» Records for processing:
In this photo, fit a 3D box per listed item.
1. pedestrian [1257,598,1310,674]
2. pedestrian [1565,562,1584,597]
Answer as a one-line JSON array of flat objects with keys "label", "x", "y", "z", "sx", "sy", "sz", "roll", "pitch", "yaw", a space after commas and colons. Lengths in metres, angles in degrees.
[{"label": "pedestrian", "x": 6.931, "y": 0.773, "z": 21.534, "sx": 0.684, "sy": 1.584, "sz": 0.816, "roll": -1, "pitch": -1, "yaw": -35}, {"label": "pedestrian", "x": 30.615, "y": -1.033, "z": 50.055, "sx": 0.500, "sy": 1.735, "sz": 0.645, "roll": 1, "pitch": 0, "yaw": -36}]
--
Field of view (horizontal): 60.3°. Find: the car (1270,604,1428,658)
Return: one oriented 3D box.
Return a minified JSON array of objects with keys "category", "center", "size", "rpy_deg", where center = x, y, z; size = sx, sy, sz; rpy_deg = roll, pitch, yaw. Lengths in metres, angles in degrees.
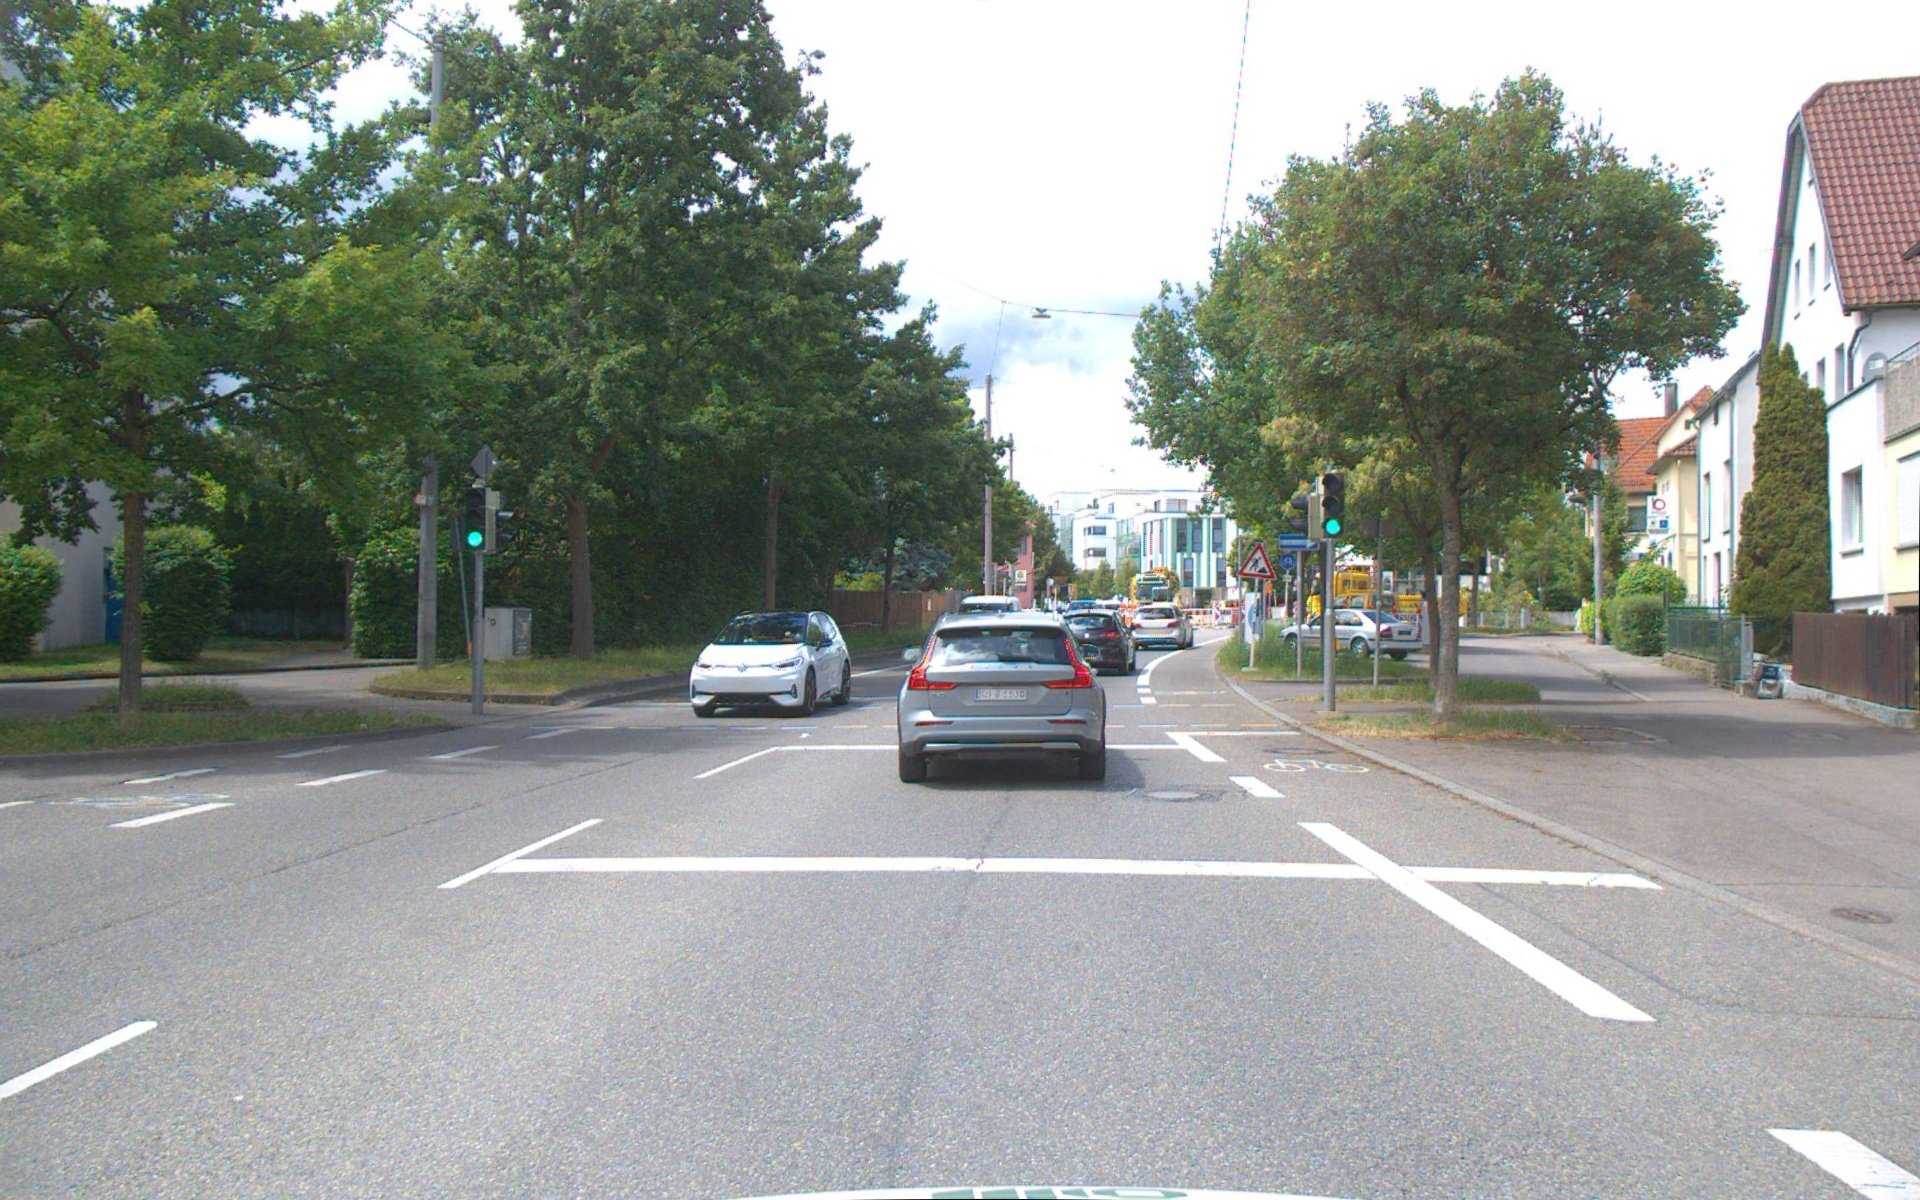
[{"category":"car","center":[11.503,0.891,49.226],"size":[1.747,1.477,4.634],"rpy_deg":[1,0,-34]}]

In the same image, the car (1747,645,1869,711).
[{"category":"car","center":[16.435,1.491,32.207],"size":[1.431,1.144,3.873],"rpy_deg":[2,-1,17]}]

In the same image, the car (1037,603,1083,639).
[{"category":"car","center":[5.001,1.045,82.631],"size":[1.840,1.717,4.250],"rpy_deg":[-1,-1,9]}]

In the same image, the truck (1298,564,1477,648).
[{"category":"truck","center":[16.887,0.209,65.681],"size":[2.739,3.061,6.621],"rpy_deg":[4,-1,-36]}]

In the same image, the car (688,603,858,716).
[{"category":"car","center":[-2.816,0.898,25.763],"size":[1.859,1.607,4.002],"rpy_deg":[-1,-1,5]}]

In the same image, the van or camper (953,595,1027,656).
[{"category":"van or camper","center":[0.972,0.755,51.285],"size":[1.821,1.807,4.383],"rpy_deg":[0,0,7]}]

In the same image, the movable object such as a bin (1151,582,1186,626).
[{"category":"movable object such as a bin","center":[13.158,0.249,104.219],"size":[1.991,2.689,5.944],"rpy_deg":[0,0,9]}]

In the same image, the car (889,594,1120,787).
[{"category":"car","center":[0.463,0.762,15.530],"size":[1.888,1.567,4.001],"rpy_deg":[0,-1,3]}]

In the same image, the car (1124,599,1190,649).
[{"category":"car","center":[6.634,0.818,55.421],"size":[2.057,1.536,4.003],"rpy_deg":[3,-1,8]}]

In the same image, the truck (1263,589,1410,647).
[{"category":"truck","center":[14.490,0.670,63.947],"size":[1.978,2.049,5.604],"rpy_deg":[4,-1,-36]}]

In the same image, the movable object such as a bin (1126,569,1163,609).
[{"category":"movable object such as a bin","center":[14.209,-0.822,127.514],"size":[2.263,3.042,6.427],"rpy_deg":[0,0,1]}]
--
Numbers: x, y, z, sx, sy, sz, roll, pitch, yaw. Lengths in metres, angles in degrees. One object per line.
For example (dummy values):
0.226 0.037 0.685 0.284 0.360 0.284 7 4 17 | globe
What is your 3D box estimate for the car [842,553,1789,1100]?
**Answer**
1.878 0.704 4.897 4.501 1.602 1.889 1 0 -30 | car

» Exercise objective: Reproduce verbatim the lines above, from the line with "1. pedestrian [1257,598,1310,674]" through the line with "2. pedestrian [1565,562,1584,597]".

» Solution to this exercise:
1. pedestrian [1257,598,1310,674]
2. pedestrian [1565,562,1584,597]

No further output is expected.